To illustrate the problem here, a little thought experiment.[3] Consider Sid and Eric, two of our ancient cavemen ancestors. One day, Sid and Eric look up and see, pacing toward them, a hungry-looking sabre toothed tiger. Immediately, they both break into a run, escape and live to survive, and enjoy whatever cavemen do during retirement. However, there is a difference between them. Sid runs away from the tiger because he believes it wishes to eat him. Eric runs away because he loves sabre-toothed tigers, and furthermore believes that the best way to make a tiger really happy is to give it a healthy sprint across the Serengeti. One set of beliefs is true, one is false, but evolution doesn’t care what Sid or Eric believe—merely that they each pump their little legs as fast as their cardiovascular systems can support.

In short, evolution selects for adaptive behaviour. It does not select for truth. Listen to atheist Patricia Churchland:

Boiled down to the essentials, a nervous system enables the organism to succeed in…. feeding, fleeing, fighting and reproducing … Truth, whatever that is, definitely takes the hindmost.[4]

In short, on naturalism you have absolutely no good reason to trust your thoughts. None whatsoever. There is no good reason to assume that they deliver truth. As atheist Thomas Nagel writes:

An evolutionary explanation of our theorizing faculty would provide absolutely no confirmation of its ability to get at the truth. [5]
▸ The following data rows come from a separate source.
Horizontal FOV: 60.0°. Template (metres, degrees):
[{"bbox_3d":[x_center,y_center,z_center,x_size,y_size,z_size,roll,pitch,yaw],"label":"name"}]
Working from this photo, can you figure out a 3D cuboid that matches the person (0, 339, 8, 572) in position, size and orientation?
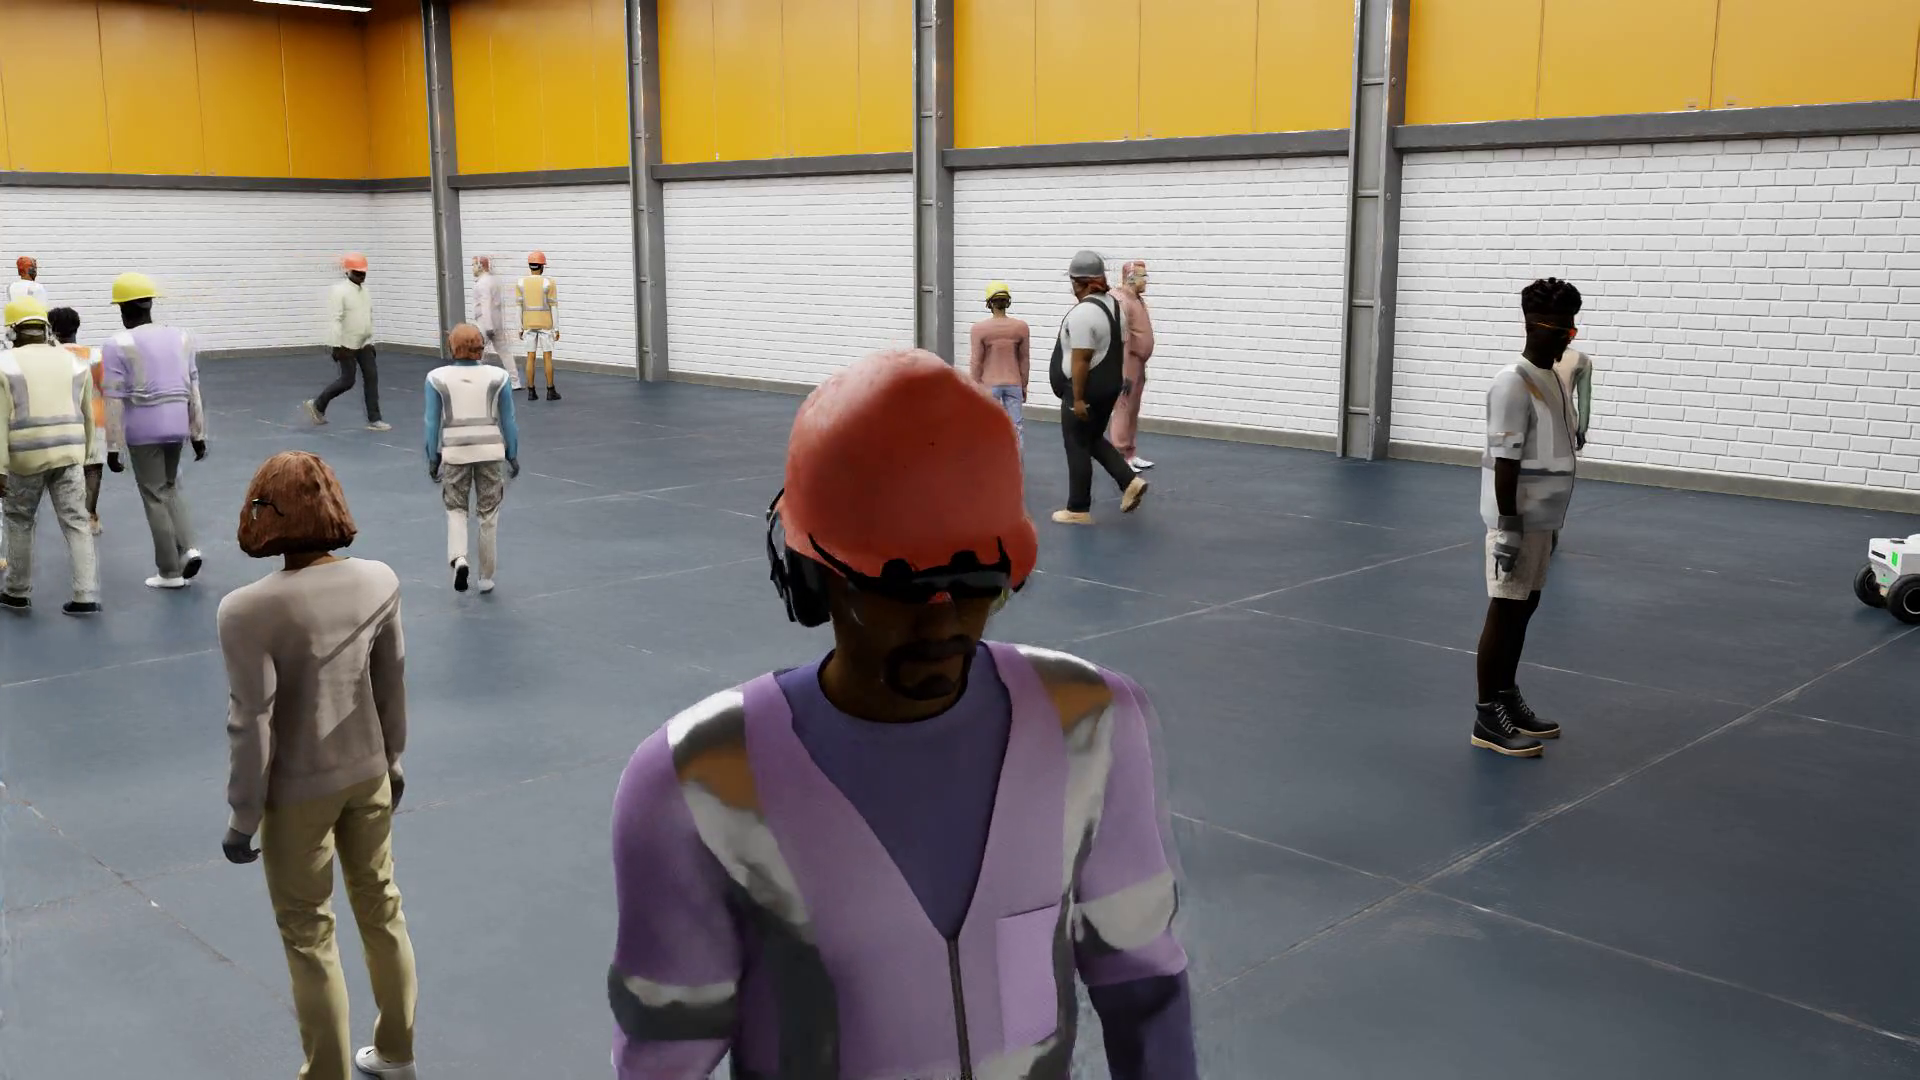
[{"bbox_3d":[-6.145,-0.668,10.410,0.626,1.818,0.433,2,11,13],"label":"person"}]

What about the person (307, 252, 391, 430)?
[{"bbox_3d":[-6.708,-2.166,18.198,0.817,1.958,0.659,3,11,18],"label":"person"}]

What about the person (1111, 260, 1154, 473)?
[{"bbox_3d":[1.551,-1.563,15.052,0.404,1.906,0.680,4,11,19],"label":"person"}]

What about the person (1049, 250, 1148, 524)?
[{"bbox_3d":[0.977,-1.122,12.260,0.675,2.000,0.682,7,12,32],"label":"person"}]

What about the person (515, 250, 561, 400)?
[{"bbox_3d":[-5.459,-2.775,21.555,0.549,1.936,0.376,1,10,3],"label":"person"}]

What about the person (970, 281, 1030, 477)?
[{"bbox_3d":[0.323,-1.262,13.802,0.523,1.760,0.324,-3,11,-17],"label":"person"}]

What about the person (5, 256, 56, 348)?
[{"bbox_3d":[-10.923,-2.391,19.610,0.575,1.885,0.355,3,11,17],"label":"person"}]

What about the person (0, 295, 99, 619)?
[{"bbox_3d":[-5.183,-0.458,9.311,0.826,1.793,0.634,7,13,34],"label":"person"}]

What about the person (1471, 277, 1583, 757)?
[{"bbox_3d":[2.355,-0.101,6.904,0.361,1.960,0.613,7,12,33],"label":"person"}]

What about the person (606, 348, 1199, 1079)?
[{"bbox_3d":[-0.039,0.805,1.822,0.644,2.015,0.477,-5,11,-24],"label":"person"}]

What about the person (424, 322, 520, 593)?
[{"bbox_3d":[-2.888,-0.471,9.864,0.531,1.623,0.404,-3,11,-14],"label":"person"}]

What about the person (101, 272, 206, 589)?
[{"bbox_3d":[-4.862,-0.643,9.994,0.425,1.910,0.606,5,12,27],"label":"person"}]

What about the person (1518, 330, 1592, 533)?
[{"bbox_3d":[4.002,-0.742,11.308,0.542,1.624,0.405,2,11,9],"label":"person"}]

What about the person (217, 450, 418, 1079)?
[{"bbox_3d":[-1.531,0.600,3.982,0.267,1.632,0.509,6,12,28],"label":"person"}]

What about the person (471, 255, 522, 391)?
[{"bbox_3d":[-6.526,-2.952,22.768,1.028,1.849,0.655,1,10,5],"label":"person"}]

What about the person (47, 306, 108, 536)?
[{"bbox_3d":[-6.123,-0.785,11.505,0.543,1.652,0.825,-3,11,-15],"label":"person"}]

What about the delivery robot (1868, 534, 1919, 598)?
[{"bbox_3d":[5.501,0.118,9.300,0.707,0.478,0.477,1,10,5],"label":"delivery robot"}]

So what about Christianity? Why do Christians believe that we trust our thoughts, our thinking, and our beliefs? Quite simply because the Christian story is very different to the naturalist story. As Christians, we believe that we are created in the image of a God who is rational and who has created us with the ability to reason, to think, to discern. In the Christian story, we are not merely survival-directed creatures who have evolved by the blind forces of natural selection, but truth-directed beings created in the image of a God who is Truth.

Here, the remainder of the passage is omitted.